Microsoft co-founder Bill Gates was like a “kid within the candy store” when it got here to young interns on the software company — forcing management to ban them from being alone with the billionaire, based on a bombshell recent book.
The upcoming tell-all by Recent York Times journalist Anupreeta Das paints an unflattering portrait of one among the world’s richest men, offering salacious details about his alleged infidelity that left his wife Melinda French Gates “seething for a very long time.”
It was “commonplace for Gates to flirt with women and pursue them, making unwanted advances corresponding to asking a Microsoft worker out to dinner while he was still the corporate’s chairman,” Das wrote in “Billionaire, Nerd, Savior, King: Bill Gates and His Quest to Shape Our World,” based on excerpts reported by DailyMail.com.
The issues arose almost immediately after the couple got married in 1994, with Gates pining for his former flame Ann Winblad, a tech entrepreneur, based on the the book, which hits stores Aug. 13.
He had an unusual arrangement together with his wife that allowed him to go to Winblad every year at her home in North Carolina, the book said.
In accordance with Das, French Gates personally overhauled her husband’s security team attributable to her concerns that they were “enabling him to be places where [she] didn’t know he was at.”
The book also reported that his wife ordered the couple’s housekeepers not to present out his direct phone number when women called the home.
The nerdy mogul “assumed his behavior would haven’t any consequences,” based on Das, who wrote that the wedding eventually ended due to “different notions concerning the meaning of a marital contract.”
While she “genuinely believed being married would make a difference due to her deep belief in its sanctity,” Bill Gates thought that “love and marriage can often mean two various things,” based on Das.
The tycoon’s wandering eye allegedly prolonged to young women working on the Bill and Melinda Gates Foundation.
In accordance with Das, Gates “flirted with a number of the interns on the Gates Foundation, putting them within the uncomfortable position of getting to take into consideration their profession prospects while not wanting to be hit on by the boss.”
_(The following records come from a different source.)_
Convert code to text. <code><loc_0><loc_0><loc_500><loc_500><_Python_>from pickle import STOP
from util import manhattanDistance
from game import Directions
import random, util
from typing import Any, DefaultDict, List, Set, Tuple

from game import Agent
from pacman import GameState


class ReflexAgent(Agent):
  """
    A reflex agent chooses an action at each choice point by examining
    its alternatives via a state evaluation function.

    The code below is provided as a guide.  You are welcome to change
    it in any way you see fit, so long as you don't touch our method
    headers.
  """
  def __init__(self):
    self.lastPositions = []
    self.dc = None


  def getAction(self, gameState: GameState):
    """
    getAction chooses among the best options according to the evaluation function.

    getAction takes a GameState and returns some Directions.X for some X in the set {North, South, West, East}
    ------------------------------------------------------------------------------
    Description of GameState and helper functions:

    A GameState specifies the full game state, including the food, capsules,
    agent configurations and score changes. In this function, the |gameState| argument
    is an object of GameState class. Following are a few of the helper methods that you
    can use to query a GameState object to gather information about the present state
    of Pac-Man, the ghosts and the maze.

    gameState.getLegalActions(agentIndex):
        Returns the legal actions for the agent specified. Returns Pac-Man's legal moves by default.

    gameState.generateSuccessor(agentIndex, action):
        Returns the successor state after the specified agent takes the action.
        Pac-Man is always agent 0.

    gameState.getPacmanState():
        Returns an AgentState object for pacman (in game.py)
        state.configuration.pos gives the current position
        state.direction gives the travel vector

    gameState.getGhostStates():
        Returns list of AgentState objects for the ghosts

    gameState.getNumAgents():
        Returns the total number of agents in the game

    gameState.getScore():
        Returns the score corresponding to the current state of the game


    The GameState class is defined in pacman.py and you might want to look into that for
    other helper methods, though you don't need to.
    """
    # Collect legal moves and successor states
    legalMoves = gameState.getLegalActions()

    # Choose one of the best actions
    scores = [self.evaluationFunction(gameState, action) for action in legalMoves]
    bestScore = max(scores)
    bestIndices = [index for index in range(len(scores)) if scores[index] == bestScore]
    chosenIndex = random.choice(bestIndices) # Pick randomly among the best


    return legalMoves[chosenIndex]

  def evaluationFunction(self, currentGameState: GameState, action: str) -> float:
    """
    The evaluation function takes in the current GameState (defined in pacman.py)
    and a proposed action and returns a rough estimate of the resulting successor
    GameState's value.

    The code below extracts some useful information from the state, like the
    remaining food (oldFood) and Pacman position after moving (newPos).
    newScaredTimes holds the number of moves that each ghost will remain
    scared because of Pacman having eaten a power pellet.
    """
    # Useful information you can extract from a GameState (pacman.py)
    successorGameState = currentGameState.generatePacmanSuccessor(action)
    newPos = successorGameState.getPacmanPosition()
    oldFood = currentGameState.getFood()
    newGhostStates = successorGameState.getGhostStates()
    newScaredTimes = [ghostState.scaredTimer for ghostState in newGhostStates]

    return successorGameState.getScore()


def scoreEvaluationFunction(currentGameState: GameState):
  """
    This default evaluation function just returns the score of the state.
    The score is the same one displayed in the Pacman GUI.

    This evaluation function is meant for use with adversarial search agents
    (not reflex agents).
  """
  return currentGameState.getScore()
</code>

“In a single instance a colleague chastised one person for sending a 22-year-old intern to Gates’ office by herself, saying: ‘She’s too young and too pretty’,” Das wrote within the book.
Gates’ overtures to women were considered “clumsy quite than predatory,” individuals who witnessed them firsthand told Das.
One former Microsoft executive said Gates didn’t “prey on” women or ask for sexual favors in exchange for advancing their skilled prospects.
“He’s not Harvey Weinstein…I do know of no real situation by which anyone got anything for sleeping with Bill,” the previous executive told Das.
Gates, 68, showed a “certain naivete in his interactions with women, mistaking engaged conversation for mutual interest,” the exec added.
The ultimate straw for French Gates was her husband’s alleged friendship with convicted pedophile Jeffrey Epstein, who met Bill Gates quite a few times after the disgraced financier pleaded guilty to procuring sex with a minor.
The couple divorced in 2021 and French Gates bolted the inspiration earlier this yr to launch her own philanthropic company.
The Post reached out to French Gates through her Pivotal Ventures for comment.
A spokesperson for Bill Gates blasted Das and her book.
“Relying almost exclusively on second- and third-hand hearsay and anonymous sources, the book includes highly sensationalized allegations and outright falsehoods that ignore the actual documented facts our office provided to the writer on quite a few occasions,” the rep from Gates’ office said in a press release provided to The Post.
“Mr. Gates has previously stated his deep regret for ever meeting with Epstein, who he met with for discussions regarding philanthropy only.”